- ABOUT THIS TASK:
Go through the material and copy each line in which the word "Ensure" shows up.

DATASET RECORDS below:

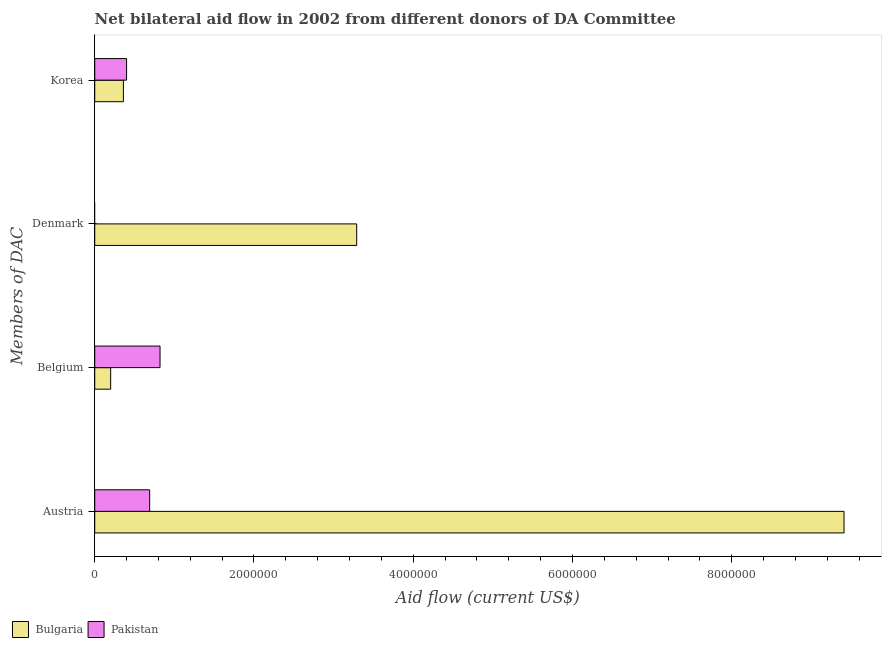How many bars are there on the 2nd tick from the bottom?
Offer a terse response. 2. What is the amount of aid given by belgium in Pakistan?
Provide a succinct answer. 8.20e+05. Across all countries, what is the maximum amount of aid given by korea?
Keep it short and to the point. 4.00e+05. What is the total amount of aid given by korea in the graph?
Offer a very short reply. 7.60e+05. What is the difference between the amount of aid given by korea in Bulgaria and that in Pakistan?
Make the answer very short. -4.00e+04. What is the difference between the amount of aid given by austria in Bulgaria and the amount of aid given by denmark in Pakistan?
Ensure brevity in your answer.  9.41e+06. What is the average amount of aid given by austria per country?
Give a very brief answer. 5.05e+06. What is the difference between the amount of aid given by austria and amount of aid given by belgium in Bulgaria?
Keep it short and to the point. 9.21e+06. In how many countries, is the amount of aid given by austria greater than 1200000 US$?
Offer a terse response. 1. What is the ratio of the amount of aid given by austria in Bulgaria to that in Pakistan?
Provide a succinct answer. 13.64. Is the amount of aid given by austria in Bulgaria less than that in Pakistan?
Ensure brevity in your answer.  No. What is the difference between the highest and the second highest amount of aid given by korea?
Ensure brevity in your answer.  4.00e+04. What is the difference between the highest and the lowest amount of aid given by austria?
Provide a succinct answer. 8.72e+06. Is it the case that in every country, the sum of the amount of aid given by belgium and amount of aid given by austria is greater than the sum of amount of aid given by korea and amount of aid given by denmark?
Offer a very short reply. No. How many bars are there?
Make the answer very short. 7. Are all the bars in the graph horizontal?
Give a very brief answer. Yes. How many countries are there in the graph?
Provide a short and direct response. 2. Are the values on the major ticks of X-axis written in scientific E-notation?
Provide a succinct answer. No. How many legend labels are there?
Provide a short and direct response. 2. What is the title of the graph?
Offer a terse response. Net bilateral aid flow in 2002 from different donors of DA Committee. Does "Tunisia" appear as one of the legend labels in the graph?
Provide a succinct answer. No. What is the label or title of the Y-axis?
Provide a succinct answer. Members of DAC. What is the Aid flow (current US$) of Bulgaria in Austria?
Provide a short and direct response. 9.41e+06. What is the Aid flow (current US$) in Pakistan in Austria?
Your answer should be very brief. 6.90e+05. What is the Aid flow (current US$) of Bulgaria in Belgium?
Offer a terse response. 2.00e+05. What is the Aid flow (current US$) of Pakistan in Belgium?
Your answer should be compact. 8.20e+05. What is the Aid flow (current US$) of Bulgaria in Denmark?
Your answer should be compact. 3.29e+06. What is the Aid flow (current US$) in Pakistan in Denmark?
Your response must be concise. 0. What is the Aid flow (current US$) in Bulgaria in Korea?
Your response must be concise. 3.60e+05. Across all Members of DAC, what is the maximum Aid flow (current US$) of Bulgaria?
Offer a terse response. 9.41e+06. Across all Members of DAC, what is the maximum Aid flow (current US$) of Pakistan?
Ensure brevity in your answer.  8.20e+05. Across all Members of DAC, what is the minimum Aid flow (current US$) in Pakistan?
Your answer should be compact. 0. What is the total Aid flow (current US$) in Bulgaria in the graph?
Provide a short and direct response. 1.33e+07. What is the total Aid flow (current US$) of Pakistan in the graph?
Your answer should be very brief. 1.91e+06. What is the difference between the Aid flow (current US$) in Bulgaria in Austria and that in Belgium?
Your response must be concise. 9.21e+06. What is the difference between the Aid flow (current US$) of Pakistan in Austria and that in Belgium?
Your answer should be very brief. -1.30e+05. What is the difference between the Aid flow (current US$) of Bulgaria in Austria and that in Denmark?
Offer a very short reply. 6.12e+06. What is the difference between the Aid flow (current US$) of Bulgaria in Austria and that in Korea?
Keep it short and to the point. 9.05e+06. What is the difference between the Aid flow (current US$) of Bulgaria in Belgium and that in Denmark?
Your response must be concise. -3.09e+06. What is the difference between the Aid flow (current US$) of Bulgaria in Belgium and that in Korea?
Provide a short and direct response. -1.60e+05. What is the difference between the Aid flow (current US$) in Bulgaria in Denmark and that in Korea?
Offer a very short reply. 2.93e+06. What is the difference between the Aid flow (current US$) in Bulgaria in Austria and the Aid flow (current US$) in Pakistan in Belgium?
Your answer should be compact. 8.59e+06. What is the difference between the Aid flow (current US$) in Bulgaria in Austria and the Aid flow (current US$) in Pakistan in Korea?
Ensure brevity in your answer.  9.01e+06. What is the difference between the Aid flow (current US$) in Bulgaria in Denmark and the Aid flow (current US$) in Pakistan in Korea?
Your answer should be compact. 2.89e+06. What is the average Aid flow (current US$) of Bulgaria per Members of DAC?
Your response must be concise. 3.32e+06. What is the average Aid flow (current US$) in Pakistan per Members of DAC?
Keep it short and to the point. 4.78e+05. What is the difference between the Aid flow (current US$) in Bulgaria and Aid flow (current US$) in Pakistan in Austria?
Provide a succinct answer. 8.72e+06. What is the difference between the Aid flow (current US$) in Bulgaria and Aid flow (current US$) in Pakistan in Belgium?
Provide a succinct answer. -6.20e+05. What is the ratio of the Aid flow (current US$) in Bulgaria in Austria to that in Belgium?
Ensure brevity in your answer.  47.05. What is the ratio of the Aid flow (current US$) of Pakistan in Austria to that in Belgium?
Make the answer very short. 0.84. What is the ratio of the Aid flow (current US$) of Bulgaria in Austria to that in Denmark?
Offer a very short reply. 2.86. What is the ratio of the Aid flow (current US$) of Bulgaria in Austria to that in Korea?
Your answer should be compact. 26.14. What is the ratio of the Aid flow (current US$) of Pakistan in Austria to that in Korea?
Offer a very short reply. 1.73. What is the ratio of the Aid flow (current US$) of Bulgaria in Belgium to that in Denmark?
Provide a short and direct response. 0.06. What is the ratio of the Aid flow (current US$) in Bulgaria in Belgium to that in Korea?
Provide a succinct answer. 0.56. What is the ratio of the Aid flow (current US$) in Pakistan in Belgium to that in Korea?
Your answer should be compact. 2.05. What is the ratio of the Aid flow (current US$) in Bulgaria in Denmark to that in Korea?
Your answer should be compact. 9.14. What is the difference between the highest and the second highest Aid flow (current US$) of Bulgaria?
Your answer should be very brief. 6.12e+06. What is the difference between the highest and the second highest Aid flow (current US$) in Pakistan?
Make the answer very short. 1.30e+05. What is the difference between the highest and the lowest Aid flow (current US$) of Bulgaria?
Your response must be concise. 9.21e+06. What is the difference between the highest and the lowest Aid flow (current US$) in Pakistan?
Your answer should be compact. 8.20e+05.

End of DATASET RECORDS.

- OUTPUT OF THE TASK:
Ensure brevity in your answer.  9.41e+06. What is the average amount of aid given by austria per country?
Ensure brevity in your answer.  No. What is the difference between the highest and the second highest amount of aid given by korea?
Ensure brevity in your answer.  4.00e+04. What is the difference between the highest and the lowest amount of aid given by austria?
Ensure brevity in your answer.  8.20e+05. Across all Members of DAC, what is the minimum Aid flow (current US$) in Pakistan?
Ensure brevity in your answer.  9.01e+06. What is the difference between the Aid flow (current US$) in Bulgaria in Denmark and the Aid flow (current US$) in Pakistan in Korea?
Ensure brevity in your answer.  47.05. What is the ratio of the Aid flow (current US$) of Pakistan in Austria to that in Belgium?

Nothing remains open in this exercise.